Chinabank, founded by Dee C. Chuan, Albino SyCip, Guillermo A. CuUnjieng, Sr., Carlos T. Palanca, Sr. and other visionaries, opened its first office at Rosario (now Quintin Paredes) Street, Binondo on August 16, 1920, with J.W. McFerran as the first general manager. Shortly afterward, Eugene E. Wing of the International Banking Corporation took over and managed China Bank's operations until 1936. This mixture of cultures represented a seamless merger of Western and Eastern banking policies—an obvious lack during those days when financial institutions governed by Western policies declined credit loans of wealthy Filipino-Chinese businesspeople who operated on the principle of xìnyong (Hokkien sìn-iōng (信用)) or trustworthiness. Chinabank recognized the value of xìnyong and granted small loans and opened credit accounts with patrons and suppliers without demand for collateral. In 1924, the company completed its headquarters in Binondo. In September 1927, only a month after the country opened its first stock exchange, Chinabank made history as one of the first companies to publicly list on the Manila Stock Exchange.

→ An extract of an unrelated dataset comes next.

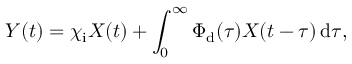<formula> <loc_0><loc_0><loc_500><loc_500>Y ( t ) = \chi _ { i } X ( t ) + \int _ { 0 } ^ { \infty } \Phi _ { d } ( \tau ) X ( t - \tau ) \, d \tau ,</formula> 
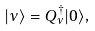<formula> <loc_0><loc_0><loc_500><loc_500>| \nu \rangle = Q _ { \nu } ^ { \dagger } | 0 \rangle ,</formula> 
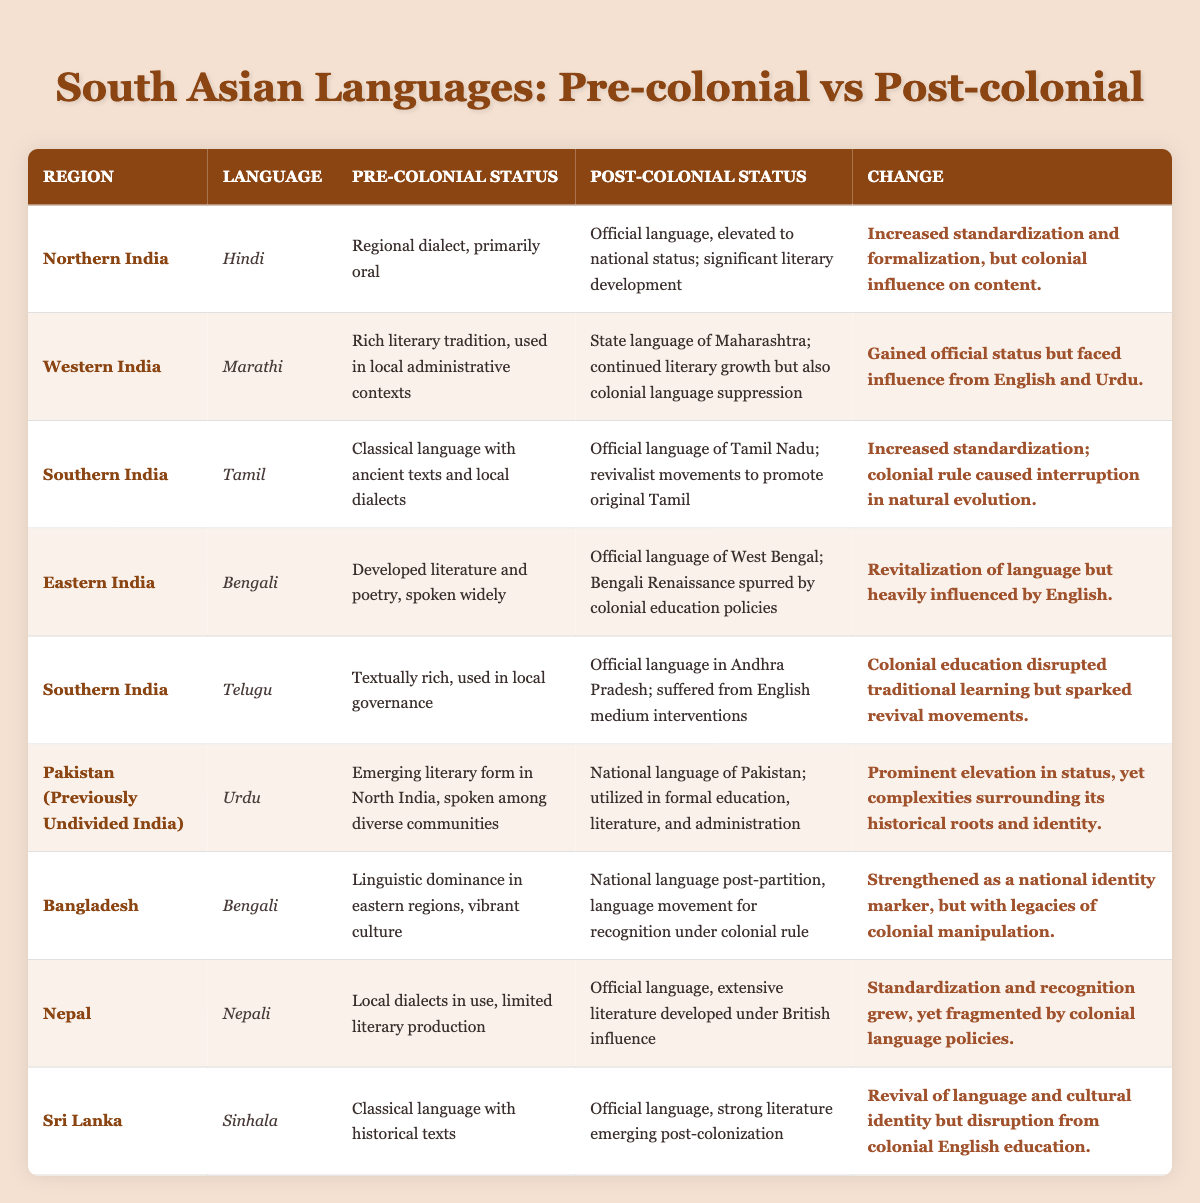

Chinabank later opened two overseas branches in China, one in Amoy in 1925 and another in Shanghai in 1929. However, both branches closed in 1944 when political conditions in China became inimical to operations.

When the Japanese occupational forces invaded Manila in 1942, Chinabank closed. However, by the end of 1941, the Bank had been making steady deposits and turning over assets to the United States High Commissioner to the Philippines Francis Bowes Sayre Sr. for safekeeping, with the help of the officials of the US Treasury Department of Manila. With these overseas assets and the Bureau of Banking's full cooperation, Chinabank reopened in 1945.

Chinabank played a key role in post-World War II reconstruction and recovery through its support to businesses and entrepreneurs in critical industries. It opened its first branch outside Manila in Cebu in 1949. In 1969, China Bank computerized its operations, becoming the first bank in Southeast Asia to process deposit accounts online. On the same year, its new headquarters, the 15-storey China Bank Building in Makati, was completed. China Bank upgraded its online system in 1988 and launched the TellerCard ATM account and TellerPhone, the first telephone banking service in the Philippines. In 1990, China Bank, along with seven other banks, set up BancNet, currently the country's largest ATM network.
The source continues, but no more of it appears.